Treatments for pituitary adenomas aim to eliminate pressure on the surrounding tissue and pressure-related effects, and to achieve hormonal remission [12,13,17]. In the 1990s, advances in endoscopic instruments enabled the use of the endoscopic transsphenoidal approach for pituitary adenoma surgery [26,27].
According to Knosp classifications of pituitary adenomas, tumor size (TS) and their suprasellar extension (SSE) have been used for preoperative planning, prediction of possible outcomes, and the evaluation of surgical outcomes. Although there is no clear evidence that these classifications are associated with tumor resection and remission rates, studies are suggesting this is the case [6,16,18,23,25,26].
In this study, we examined the associations between preoperative Knosp, TS, SSE classifications with postoperative resection and remission rates, complications, and results obtained in 236 patients who underwent full endoscopic endonasal transsphenoidal surgery (EETS).

MATERIALS AND METHODS

The study was conducted retrospectively after obtaining permission from the Ethics Committee of Health Sciences University (19 Apr 2018; 71211201-000-14131). All procedures performed in studies involving human participants were in accordance with the ethical standards of the institutional research committee and with the 1964 Helsinki declaration and its later amendments or comparable ethical standards.
Patients were evaluated by endocrinology and ophthalmology specialists. Pituitary hormone levels and visual field examinations were performed. Patients with clinically functional adenoma (FA) were re-evaluated and prepared for operation. FAs were classified as acromegaly, Cushing’s disease, prolactinoma, and thyroid-stimulating hormone-secreting pituitary adenoma (TSHOMA).

Surgical procedure

All patients underwent full EETS, as described by Jho and Carrau [20]. The first 15 patients were operated on under the supervision of an otolaryngologist. We undertook a binostril approach in order to provide a wider working area, and all operations were performed with the help of a rigid endoscope with 0° and 30° angled lenses. After choana and sphenoid ostium were visualized as anatomic landmarks, posterior septectomy and anterior sphenoidotomy were carried out with a high-speed drill. Following the identification of the optic and carotid protuberances, a high-speed drill and Kerrison rongeurs were used to open the sellar floor. An intraoperative Doppler ultrasonography device was used routinely in all operations for the visualization and monitoring of carotid artery. After medial portions of the carotid arteries were identified, the dura mater is opened using microscissors, and the adenoma was visualized. The tumor was removed using microsuction cannulas and pituitary curettes while endoscope was inserted into the newly opened space, allowing the direct visualization of remaining adenoma and the normal pituitary gland tissue.

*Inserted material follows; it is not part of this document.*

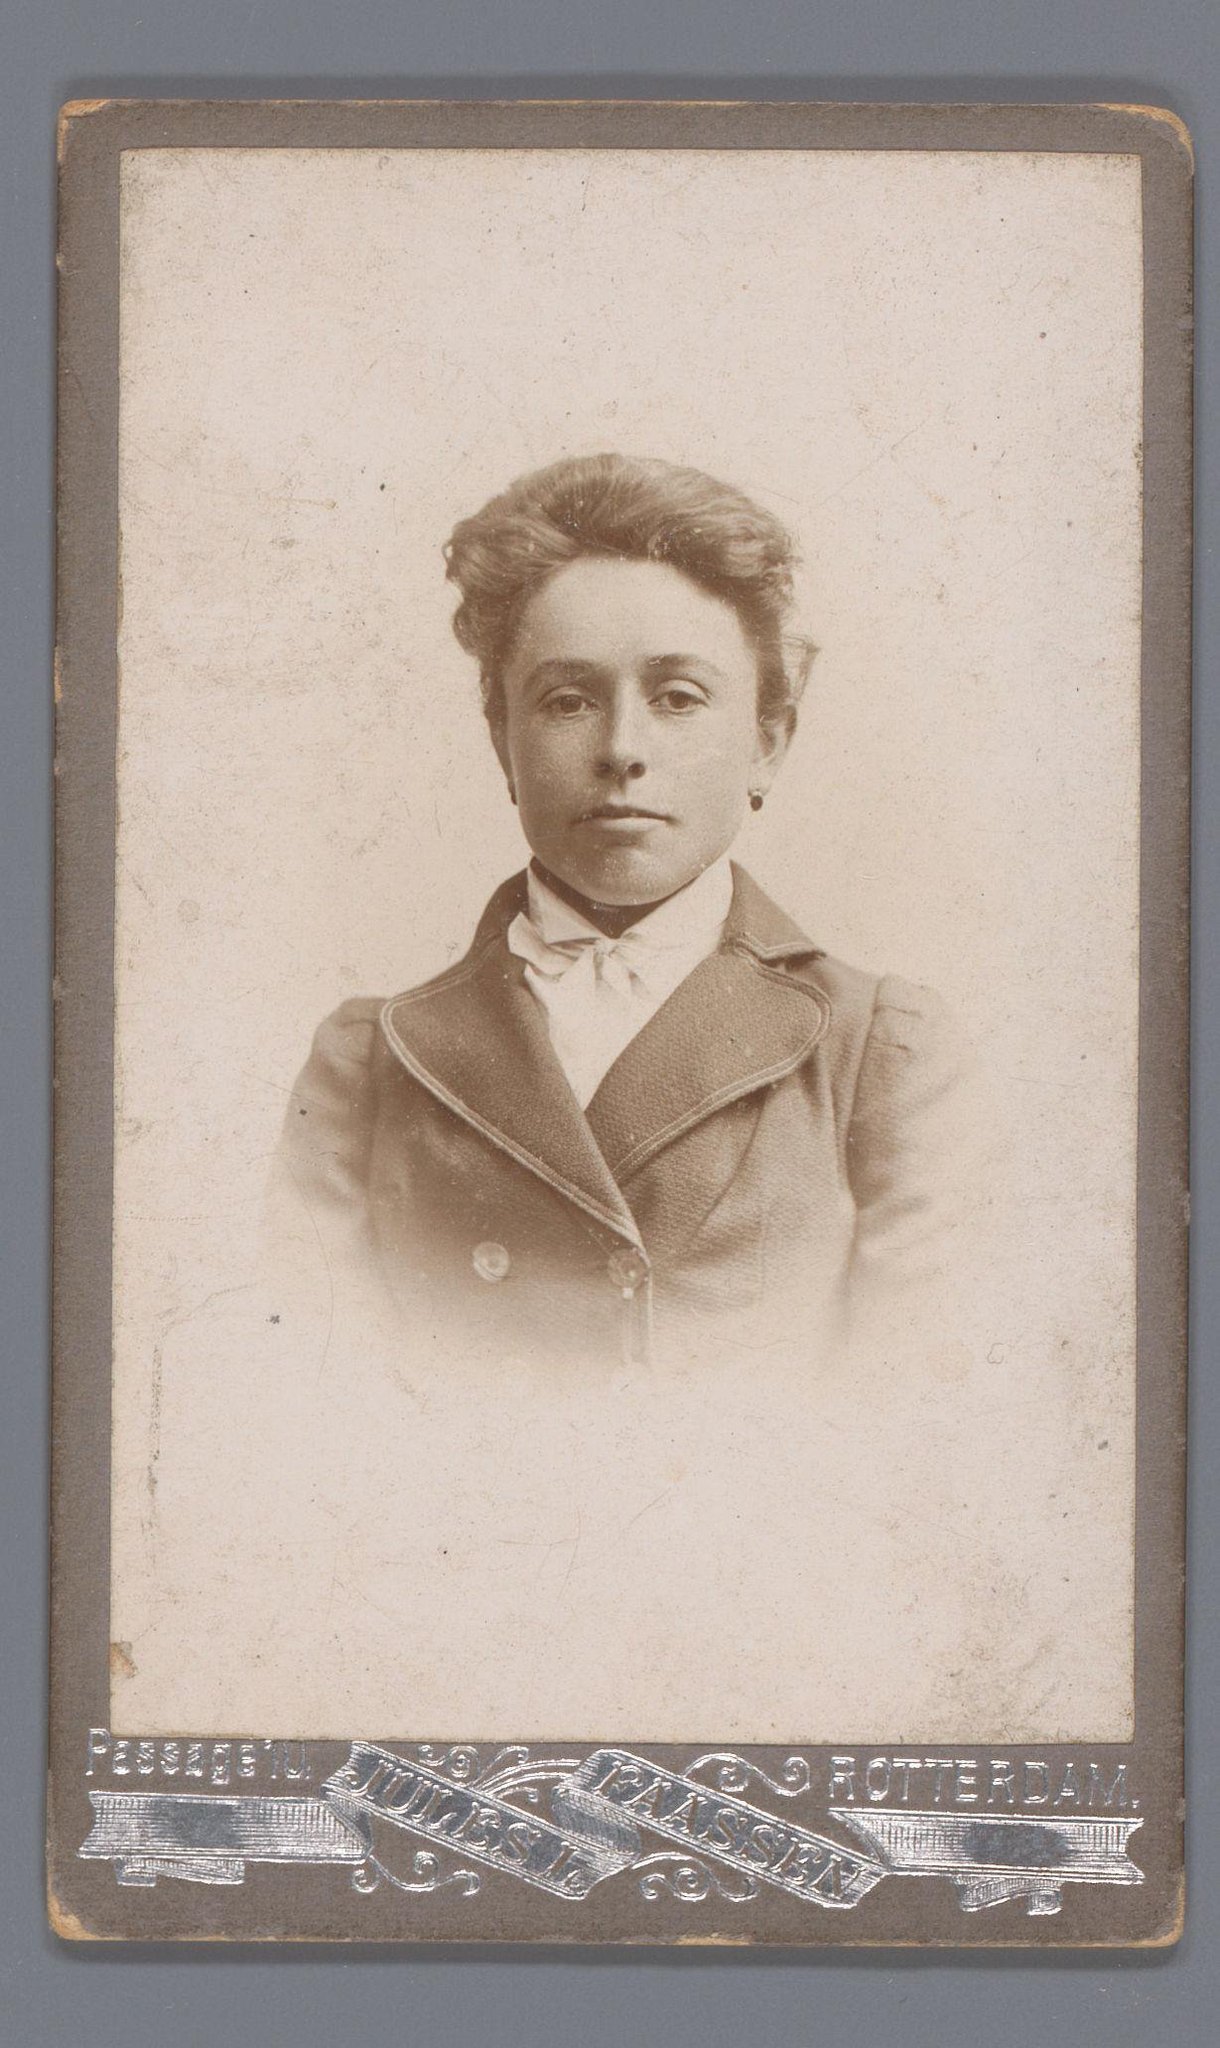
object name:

The removal of macroadenomas with parasellar extension and fibrotic consistency requires a wider opening of sella, and a thorough resection process of the remaining tumor tissue after the removal of the main adenoma. For the tumors with a cavernous invading tumor portion, we adopted the transsphenoidal transsellar approach, and removed the residual tumor as much as possible through a window on the medial wall of the cavernous sinus. We used the micro Doppler probe, and great care was taken not to injure the medial wall of cavernous sinus.

Radiological evaluation

All patients underwent, paranasal sinus tomography, and magnetic resonance imaging (MRI) preoperatively. The patients were evaluated according to the following three classifications using MRI measurements : 1) classification according to Knosp et al. [25] over the medial and lateral line of the internal carotid artery. 2) TS classification of the mass from the inferior to the superior, as used in previous studies [18,23]. And 3) SSE classification, defined as the extension of the adenoma superior to planum sphenoidal [18].
Pituitary MRI performed 3 months postoperatively was used to determine the adenoma resection rate. The following rates were used : 100% indicated total, 90-100% near-total, and 90-10% subtotal resection, while <10% was determined as biopsy [6,22].

Pathological evaluation

Routine histopathological and immunohistochemical examinations were performed at the same center. Postoperative evaluation Patients were routinely monitored via pituitary MRIs and endocrinological follow-ups after 24 hours, 3 months, 1 year, and annually thereafter. For Cushing’s disease, blood cortisol levels below 2 µg/L were accepted as early postoperative remission. Patients with Cushing’s disease were considered to be in late postoperative remission, if : 1) 24-hour urinary free cortisol levels were below or within the normal range; 2) night-time salivary cortisol values were under 0.2 pg/dL or 3) serum cortisol levels were below 1.8 mcg/dL during the 1 mg dexamethasone suppression test.
Patients were classified as being in remission criteria for acromegaly if growth hormone (GH) level was <1 ng/mL after oral glucose tolerance test, and insulin growth factor 1 was within or lower than the normal limits according to age and gender criteria [13]. For prolactinoma patients, a post-surgery serum prolactin level of 20 ng/mL indicated that the disease was under control. TSHOMA patients were considered endocrinologically-cured if they had normal levels of T3 and free T4 and thyroid-stimulating hormone post-surgery. We considered the early and late remission periods for FA to be 3 months and 1 year, respectively.
In cases of postoperative rhinorrhea, three different treatment methods were preferred : 1) 5-10 mL/h cerebrospinal fluid drainage for 3-5 days with lumbar drain placement, 2) EETS to repair the sella anterior wall using the subcutaneous fat tissue taken from the abdomen and abdominal anterior wall fascia grafts along with a tissue adhesive (Tissel®; Baxter Healthcare Ltd Caxton Way, Thetford, England), and 3) a combination of both methods.

Statistical analysis

Descriptive statistical methods were used to evaluate the data. To compare qualitative data, we used the chi-squared test and Fisher’s exact chi-square test when the expected frequencies were met and not met, respectively. The Z-test was used to determine the source of the difference. For two-group comparisons, we used t-tests and the Kruskal-Wallis test when parametric assumptions were met and not met, respectively. The Dufner test with a Bonferonni correction was used to determine the source of difference. When necessary, Bonferroni corrections were used. Statistical analyses were performed using SPSS version 24 for Windows (IBM Corp., Armonk, NY, USA), and p-values <0.05 and <0.01 were considered statistically significant.

RESULTS

The study included 236 patients (118 males and 118 females) who underwent EETS between 2014 and 2018. The patients’ age ranged from 16 to 84 years (mean, 47.56±15.14; median, 47). Among the enrolled patients, 207 (87.7%) were newly-diagnosed, and 29 (12.3%) had recurrent adenomas. Endocrinologically, 114 patients (48.3%) had FA, and 122 patients (51.7%) had NFA before the operation (Table 1).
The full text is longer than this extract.